Rendell wouldn’t comment on specific cases, but he rightly noted that the First Amendment protected Communist Party activity during the Cold War. So it did, and it does seem incomprehensible that American law could now criminalize speech in support of a war enemy. But as the War on Terror creeps into its eleventh year, presidents Bush and Obama have erected a monstrous national security state and, in the process, rendered American civil liberties unrecognizably feeble.

“Whatever one’s views are on this ruling, it is now binding law. To advocate on behalf of a designated Terrorist group constitutes the felony of ‘providing material support’ if that advocacy is coordinated with the group,” writes Salon blogger and constitutional law attorney Glenn Greenwald. “They’re providing more substantial ‘material support’ to this Terrorist group than many people ― usually vulnerable, powerless Muslims ― who are currently imprisoned for that crime.”

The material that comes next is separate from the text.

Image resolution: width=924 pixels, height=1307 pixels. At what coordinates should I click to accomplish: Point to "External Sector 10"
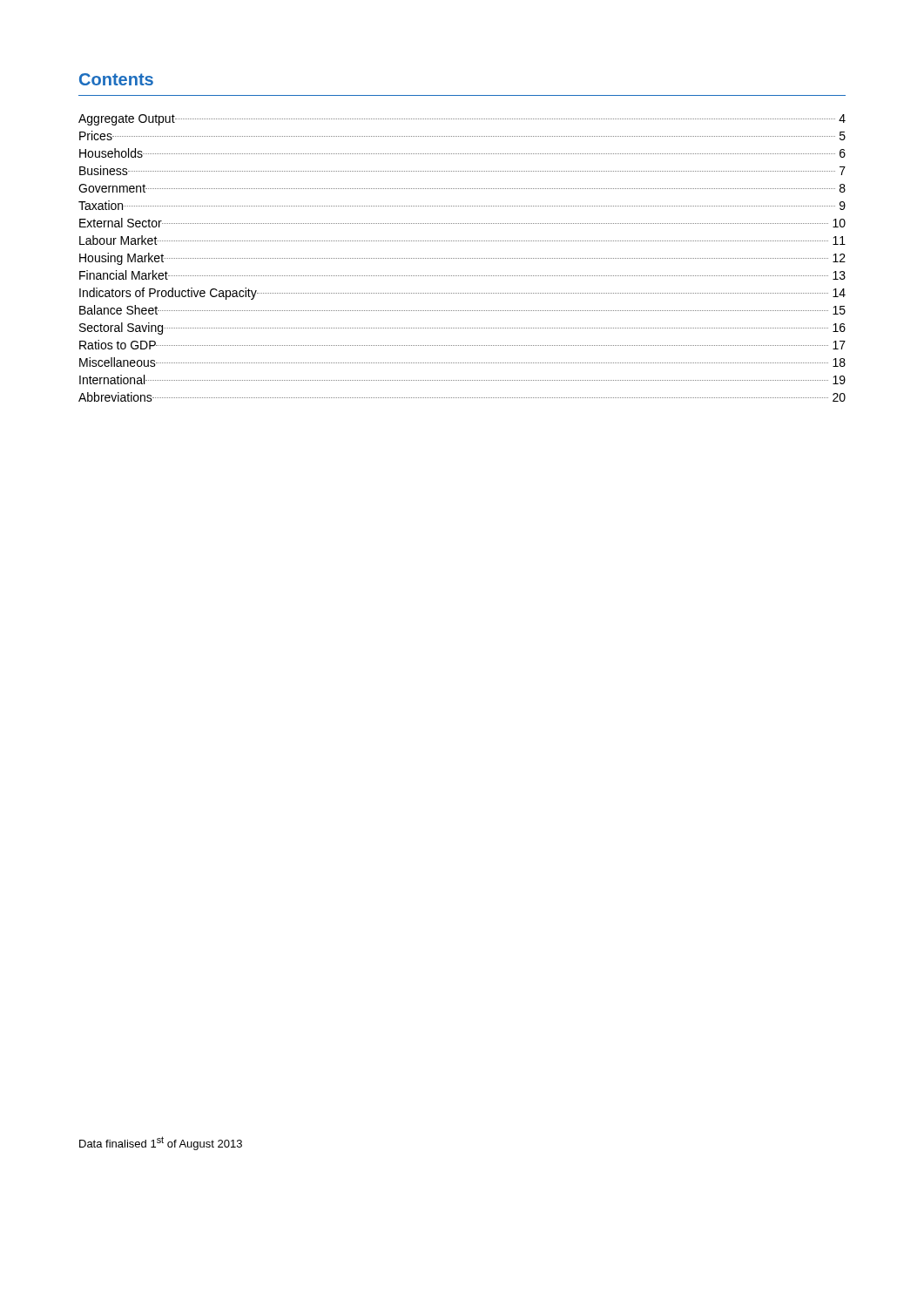[x=462, y=222]

Rendell, however, contends that he’s protected because the funds, as far as he knows, were “raised by individual Iranian expat groups” in the U.S. and Europe.

“Please,” Greenwald tells me. “Iranians who love MEK pay the fees in order to keep a thin layer of separation―any real investigation will find the source of those funds.”

Finally, Rendell says the law should not apply here: The State Department has urged him to dialogue with the MEK. And MEK’s blue-chip American supporters ― could they all have broken the law?

“If you indict me, I hope you know, you have to indict 67 other Americans who did the same thing, including seven generals … [who] served in Iraq. You’d have to indict James Jones, President Obama’s first NSC chief adviser, you’d have to indict former Attorney General [Michael] Mukasey, former FBI Director Louis Freeh … the whole kit and caboodle.” That caboodle is voluminous and high-powered, including Tom Ridge, UN Ambassador John Bolton, Rudolph Giuliani and Howard Dean, among others.

“You tell me that anyone has the right to restrict my freedom of speech and I’ll tell you you’re dead wrong,” Rendell insists.

I wish I were wrong. The Supreme Court’s three dissenters protested that the decision “gravely and without adequate justification injure[s] interests of the kind the First Amendment protects.” So it does. It’s a frightening law and a horrible ruling that pulverizes First Amendment free speech protections. But as long as political nobodies face prosecution for speech crimes, so should elites. Indict Rendell ― and Ridge, Mukasey, Giuliani, etc. ― or repeal this law.